What is the new book about?
Well, the new book [will be] out next year the tentative title is called "Inside your Customers Imagination" and this one, in particular, is about kind of a new concept that is not really new but I haven’t heard much about it. It’s called "customer-ization" and that is not just customization. It is how do you involve the customer so that they help you create, co-create a service or a product or a solution. And so it's literally partnering with customers not just getting their input but getting their participation and looking for ways to do that So, that's the new book; I'm in the middle of all that right now, But it'll come out next year.
Sounds fun, looking forward to it. So let's move to our first question. So please talk about the difference between value-added service and value-unique service.
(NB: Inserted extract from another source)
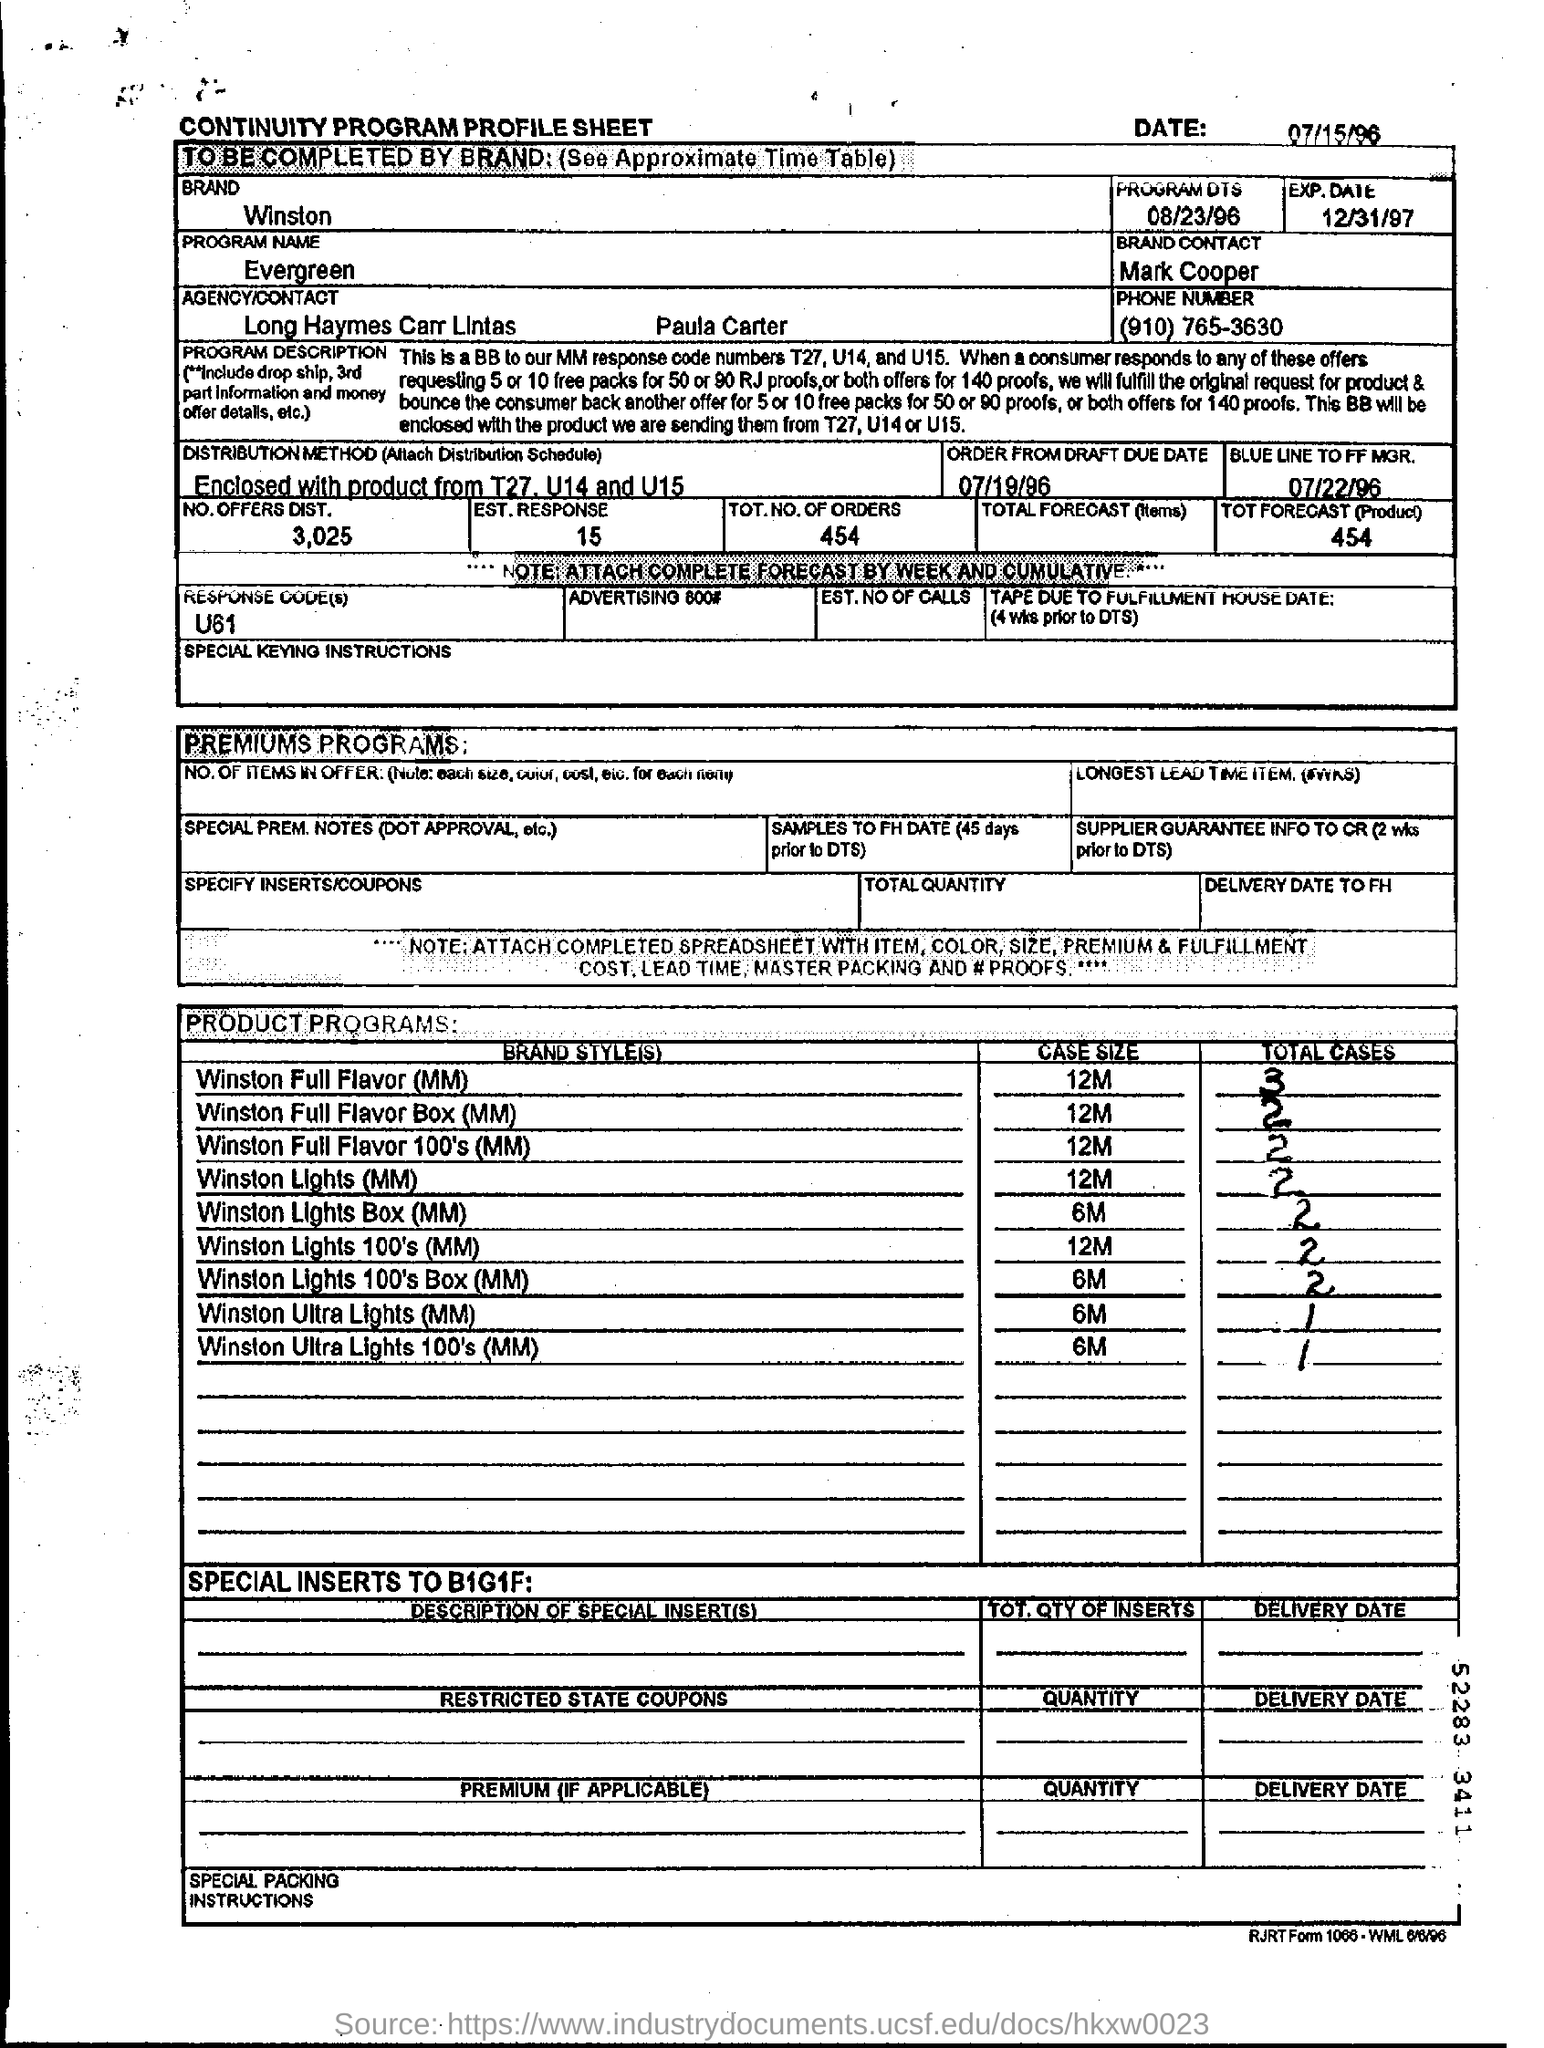Give some essential details in this illustration. The total number of orders is 454. The case size of Winston Lights (MM) is 12 millimeters. The program name is Evergreen. The response code assigned is U61.

Well, value-added, most people if you ask, most organization leaders they'll say, "Well we will provide value-added" and that's a good thing because it's a generous approach. But, sure traditionally what that label means is taking what your customer expects and adding more. It's, “you know you're such a great customer, I'll tell you what, we're gonna upgrade you to first-class.” Or “you frequent this hotel so many times, tell you what, we're going to upgrade you to the fancy floor, the concierge level - that's value-added. The challenge with it there's nothing wrong with that, obviously. As I say it's generous the challenge with it is that you can pretty quickly run out of room And the other challenge with it is the fact that oftentimes, not always, but oftentimes customer expectations go up with it. So all of a sudden the customers go "well last time you did this, now what are you gonna do for me now" And so the expectations get higher and higher and higher and higher. Value unique, on the other hand, is doing something unusually different, kind of ingenious or creative and totally unexpected. It's creating a sense of surprise. So it's less about generosity and more about ingenuity. I'll give you an example. My wife bought a new car and traded in her old car got a new car. A week after she had a new car she turned on the radio for the first time and discovered they had programmed in her radio stations from her trade-in. Now, what do you think she talks about - the car or the radio? She talks about the radio and, lord, I think what she paid for that car! But that's the kind of thing that's unique, that's different, it's not just value-added, it's unique, it's unexpected. It creates a story that people just can't wait to share with somebody else. So, value-unique is the kind of experiences that are unexpected, they're simple, most of the time, you need them simple. But they're appropriate, they fit these circumstances. So that's the concept and now, you think about it like if Cracker Jacks did [customer] service, it'd be very unique. You know you got a prize in that box but you just don't know what that prize is gonna be and so I think it's the element of surprise that people will go "wow this is neat." So that's what I love to focus on.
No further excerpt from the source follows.